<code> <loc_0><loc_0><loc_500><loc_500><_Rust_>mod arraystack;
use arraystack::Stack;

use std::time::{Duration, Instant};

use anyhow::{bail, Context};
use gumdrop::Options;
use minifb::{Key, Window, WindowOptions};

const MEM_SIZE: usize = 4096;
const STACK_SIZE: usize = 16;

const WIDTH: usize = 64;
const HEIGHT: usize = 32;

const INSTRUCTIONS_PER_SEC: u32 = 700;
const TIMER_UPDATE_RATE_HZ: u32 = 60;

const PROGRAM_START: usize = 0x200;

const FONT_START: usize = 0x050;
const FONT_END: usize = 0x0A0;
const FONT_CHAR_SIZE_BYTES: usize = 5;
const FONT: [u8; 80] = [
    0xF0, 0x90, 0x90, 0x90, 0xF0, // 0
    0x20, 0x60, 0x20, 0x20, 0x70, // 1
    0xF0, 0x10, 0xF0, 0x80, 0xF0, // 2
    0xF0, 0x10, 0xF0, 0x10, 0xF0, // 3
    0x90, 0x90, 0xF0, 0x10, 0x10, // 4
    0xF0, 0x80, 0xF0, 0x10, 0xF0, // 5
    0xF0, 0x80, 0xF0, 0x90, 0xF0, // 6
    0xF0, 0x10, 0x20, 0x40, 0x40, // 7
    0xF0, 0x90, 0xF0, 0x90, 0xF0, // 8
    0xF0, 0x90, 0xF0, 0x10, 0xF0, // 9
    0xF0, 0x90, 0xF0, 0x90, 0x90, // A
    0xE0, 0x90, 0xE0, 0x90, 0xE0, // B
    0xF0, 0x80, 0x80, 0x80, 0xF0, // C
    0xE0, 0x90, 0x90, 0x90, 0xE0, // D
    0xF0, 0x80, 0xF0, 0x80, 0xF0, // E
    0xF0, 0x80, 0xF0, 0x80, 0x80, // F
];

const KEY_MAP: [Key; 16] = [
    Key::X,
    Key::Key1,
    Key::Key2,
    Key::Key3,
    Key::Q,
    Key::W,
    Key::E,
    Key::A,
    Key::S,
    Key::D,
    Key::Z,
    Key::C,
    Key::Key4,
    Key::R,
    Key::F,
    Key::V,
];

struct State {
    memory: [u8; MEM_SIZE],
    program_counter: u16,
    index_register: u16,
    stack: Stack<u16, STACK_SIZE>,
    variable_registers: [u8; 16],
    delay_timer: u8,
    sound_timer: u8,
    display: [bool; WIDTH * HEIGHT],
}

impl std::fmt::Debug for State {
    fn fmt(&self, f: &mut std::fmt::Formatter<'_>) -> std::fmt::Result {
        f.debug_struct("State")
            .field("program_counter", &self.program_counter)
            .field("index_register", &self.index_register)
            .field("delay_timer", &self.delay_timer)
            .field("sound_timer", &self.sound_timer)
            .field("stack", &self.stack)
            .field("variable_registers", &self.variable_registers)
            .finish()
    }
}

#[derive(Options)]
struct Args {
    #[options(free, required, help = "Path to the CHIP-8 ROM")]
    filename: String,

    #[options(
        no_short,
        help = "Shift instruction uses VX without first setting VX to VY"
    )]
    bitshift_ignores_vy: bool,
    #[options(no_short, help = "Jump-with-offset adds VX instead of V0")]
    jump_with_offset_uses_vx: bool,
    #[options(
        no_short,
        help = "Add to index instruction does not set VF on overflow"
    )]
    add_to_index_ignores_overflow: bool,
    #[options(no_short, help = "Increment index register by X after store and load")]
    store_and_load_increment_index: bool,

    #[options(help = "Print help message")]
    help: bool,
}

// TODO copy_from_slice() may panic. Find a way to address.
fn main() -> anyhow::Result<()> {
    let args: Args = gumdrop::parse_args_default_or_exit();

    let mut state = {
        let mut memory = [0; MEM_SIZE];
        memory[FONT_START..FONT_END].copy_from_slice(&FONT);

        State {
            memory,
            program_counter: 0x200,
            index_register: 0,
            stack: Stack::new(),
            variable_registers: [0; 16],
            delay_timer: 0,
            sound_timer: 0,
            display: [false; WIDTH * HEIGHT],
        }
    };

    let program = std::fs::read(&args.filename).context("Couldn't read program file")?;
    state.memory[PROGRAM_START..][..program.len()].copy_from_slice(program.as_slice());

+-------+

■ What the exercise asks
Repeat the line containing "let mut memory = [0; MEM_SIZE];" and all subsequent lines through the final line of the data, exactly and with no others.

■ Response
        let mut memory = [0; MEM_SIZE];
        memory[FONT_START..FONT_END].copy_from_slice(&FONT);

        State {
            memory,
            program_counter: 0x200,
            index_register: 0,
            stack: Stack::new(),
            variable_registers: [0; 16],
            delay_timer: 0,
            sound_timer: 0,
            display: [false; WIDTH * HEIGHT],
        }
    };

    let program = std::fs::read(&args.filename).context("Couldn't read program file")?;
    state.memory[PROGRAM_START..][..program.len()].copy_from_slice(program.as_slice());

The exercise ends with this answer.